Tepeyran’ın, özellikle sözkonusu bölümler düşünüldüğünde yöneticilik yıllarının gözlemlerini, deneyimlerini yansıttığı söylenebilir. Romanda yasal (nizamname) maddelere, düzenlemelere yer vermesi de bunu açıkça gösteriyor. Ne ki bu özellik yazarın tüm iyi niyetine karşın köye, Anadolu’ya dışardan, bir yabancı gözüyle baktığı gerçeğini değiştirmeye yetmiyor. Örneğin Demirtaş Ceyhun’un belirttiği gibi romanda, Küçük Paşa’nın üvey annesi Haçca’nın fesine sardığı altın ya da bakır beşibiryerdeler betimlenirken, onlar “konyak şişelerinin etiketlerindeki üst üste binmiş madalya resimleri”ne benzetilir. Köylüleri şiveyle konuşturması da ilginçtir.
Her şeye karşın Küçük Paşa’nın eksik yanlarını öne çıkararak güçlü yanlarını belirtmemek haksızlık olur. Tepeyran, küçük yaşta ayrıldığı Niğde’ye bir daha dönmemiş, yaşamı İstanbul’da, valilik, yöneticilik yaptığı diğer yerlerde geçmiş olsa da kendini yetiştirmiş bir kişi olarak Anadolu’yla, halkla ilgili duyarlılık göstermiş; gözlemlerini, yaşadıklarını, tanıklıklarını en kalıcı biçime, yapıta dönüştürmeyi bilmiştir. Bunu yaparken çok başarısız olmadığı açıktır. (Günümüzün kimi yazarlarında bile bu etkili dil, ete kemiğe büründürme başarısı yoktur.) İlkler genellikle eksiklidir. Küçük Paşa ise bu durumu duyumsatmaz.

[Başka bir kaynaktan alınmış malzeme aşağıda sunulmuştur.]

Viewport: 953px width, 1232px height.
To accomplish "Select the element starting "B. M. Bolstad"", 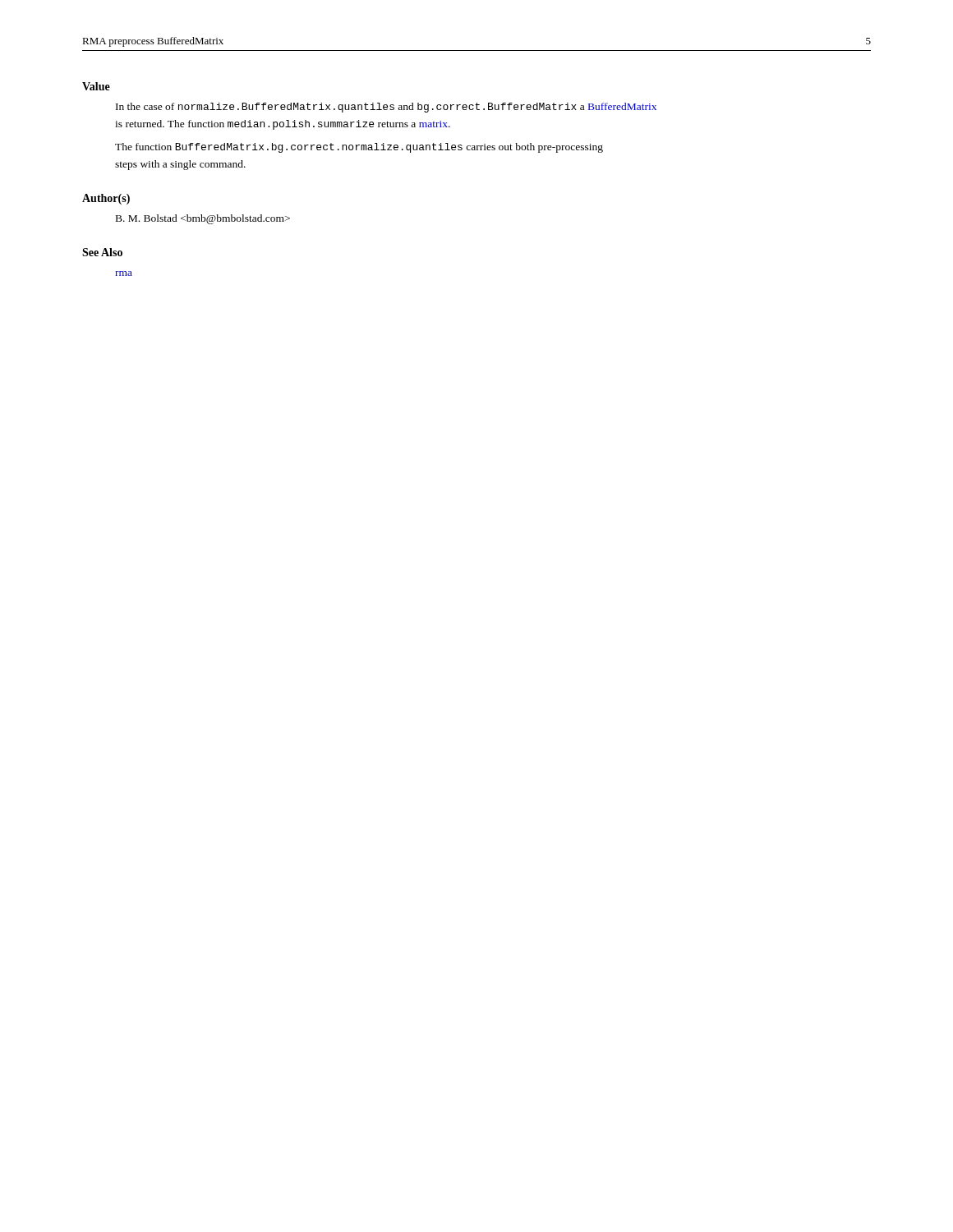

Ebubekir Hazım Tepeyran, yirminci yüzyılın başlarındaki Anadolu köyünün, köylüsünün (ki nüfusun neredeyse tümü demektir) dürüstçe yazınsal fotoğrafını çeker. Kuşkusuz bu belgesel nitelik ve tanıklık bile gerek tarihsel gerekse toplumbilimsel yönden çok değerlidir. Ayrıca etkili, yer yer şiirsel birçok özgün betimlemenin bulunduğu Küçük Paşa’da okuru sarsan bir acı sona doğru olaylar sürerken, kitabın ortalarında, köyde dolaşan aç kurtlardan söz edilerek teknik bir başarı ortaya konur. Çehov’un deyişiyle, duvarda asılı tüfek patlayacaktır!
Ebubekir Hazım Tepeyran, “Küçük Paşa”, İnkılap Yayınevi, 2011
telgrafhanesanat
Yorum Kapalı.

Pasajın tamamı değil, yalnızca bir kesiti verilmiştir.